Remember that an electron, normally a particle with mass and a tendency to hit things, behaves like a neutrino within graphene. It has effectively no mass and travels at just about the speed of light. Yet that speed of light is not c, the speed of light in a vacuum: graphene's electronic speed of light is some 300 times slower.
But because exactly the same equations and behaviour apply to graphene's ballistic electrons at their speed of light as do to normal particles at c, all sorts of real-world physics becomes open to exploration. Classes of unfeasibly energetic experiments which rely on making ordinary particles go at close to c become entirely possible with graphene electrons and far more modest resources.
Geim and his co-workers suggest one such. Normal electrons can tunnel through potential barriers: as the barriers get higher the tunnelling becomes exponentially less likely to happen. Yet theory suggests that at very high speeds and with very high barriers, electrons will start to find it easier to get across as the barriers get taller.
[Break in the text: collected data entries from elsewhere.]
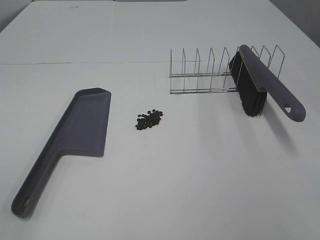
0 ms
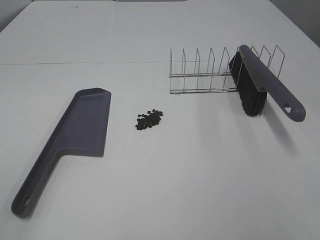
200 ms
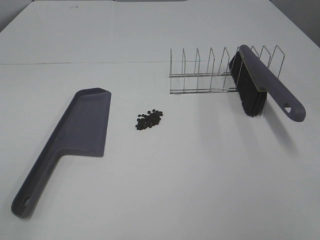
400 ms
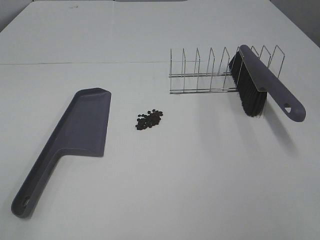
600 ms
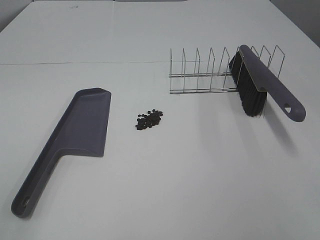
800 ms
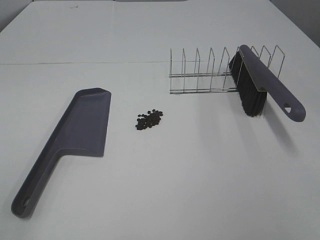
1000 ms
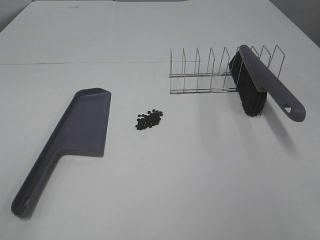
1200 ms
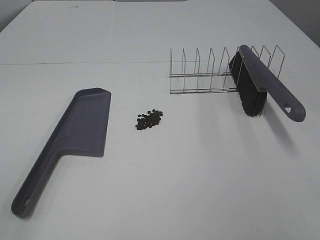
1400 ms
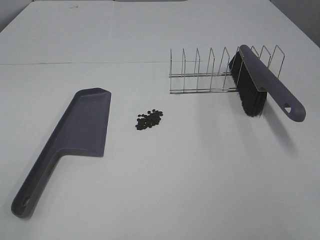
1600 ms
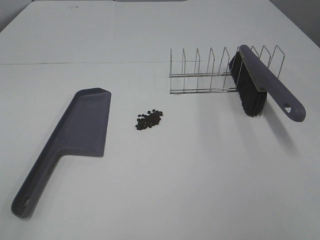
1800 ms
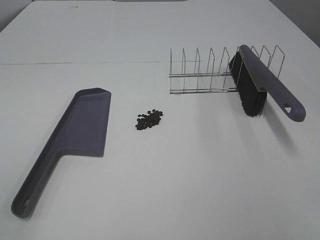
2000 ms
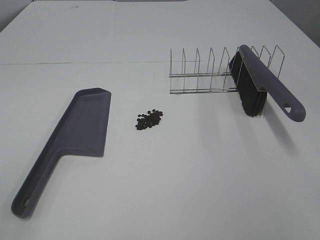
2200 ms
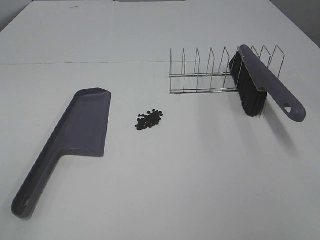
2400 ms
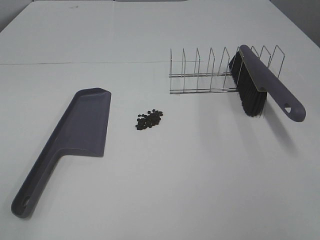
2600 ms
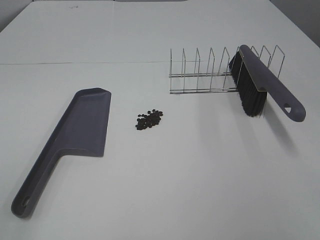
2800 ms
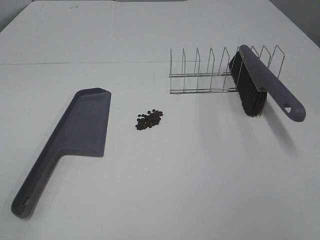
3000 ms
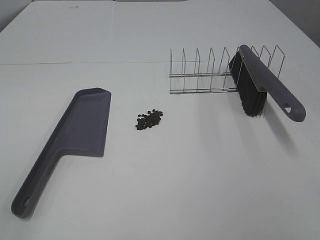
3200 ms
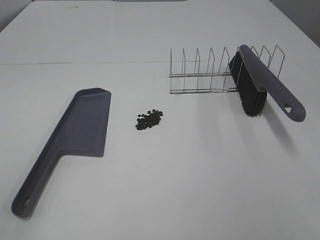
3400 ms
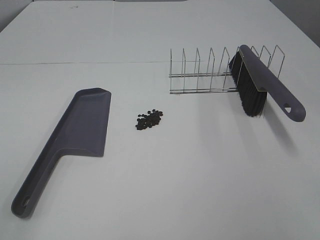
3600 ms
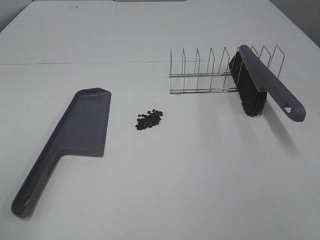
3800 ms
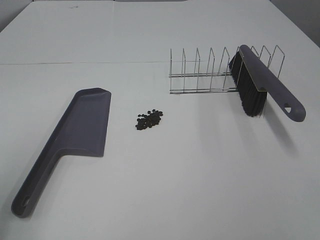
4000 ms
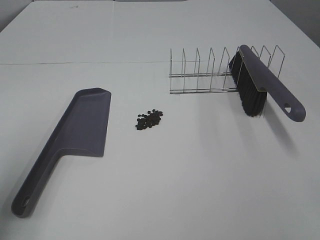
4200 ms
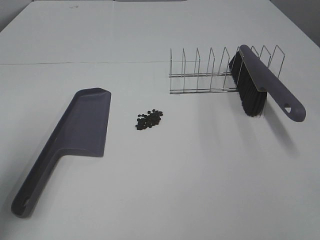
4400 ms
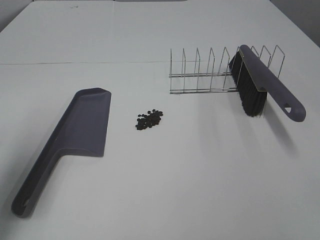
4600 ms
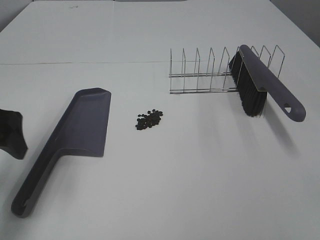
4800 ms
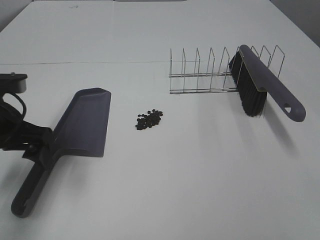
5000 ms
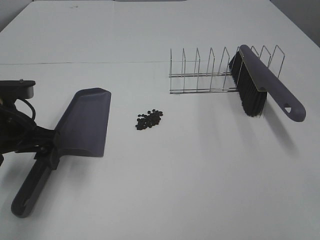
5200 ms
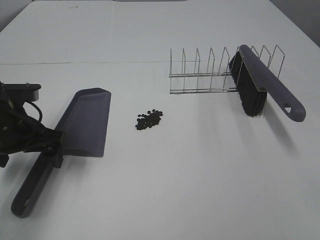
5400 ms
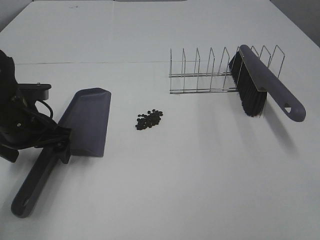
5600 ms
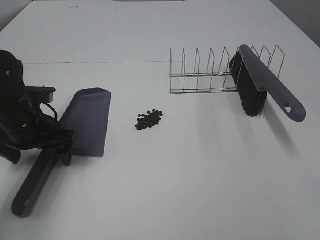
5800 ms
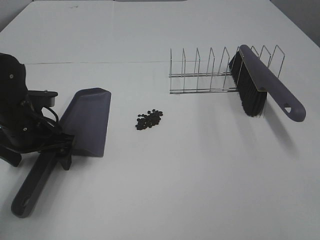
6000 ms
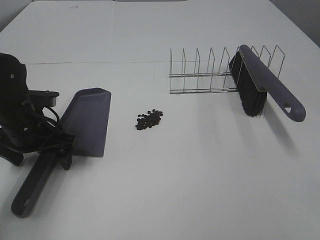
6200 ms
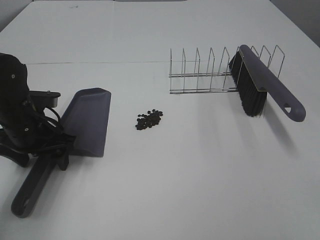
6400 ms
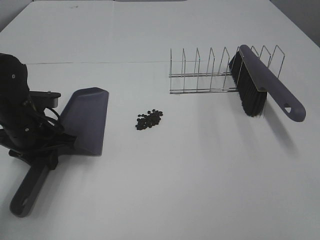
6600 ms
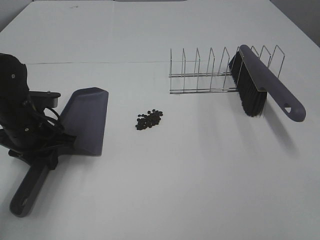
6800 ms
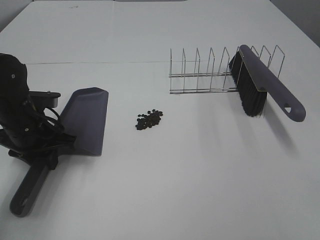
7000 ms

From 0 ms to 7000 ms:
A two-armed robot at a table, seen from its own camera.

This is called the Klein Paradox, and demonstrating it in the universe outside graphene would need the sort of conditions you find close to an exotically heavy nucleus or, if you're particularly keen, a black hole. In graphene, you may be able to recreate an appropriate barrier with an ordinary semiconductor junction: there's talk of desktop super-colliders.
Other areas that graphene may illuminate include direct observation for the first time of relativistic electrons generating their own anti-particles – and there are even suggestions that some aspects of string theory, long thought to lie well beyond practical observation, may become testable.
All these thoughts has sparked a rush to explore graphene: new ideas are appearing just about as fast as people can think them up. While the ultimate impact of these discoveries will take many years to work out, few in the field deny that a a new class of physics, with considerable practical and theoretical implications, is opening up. Not bad for a bit of pencil lead and some sticky tape.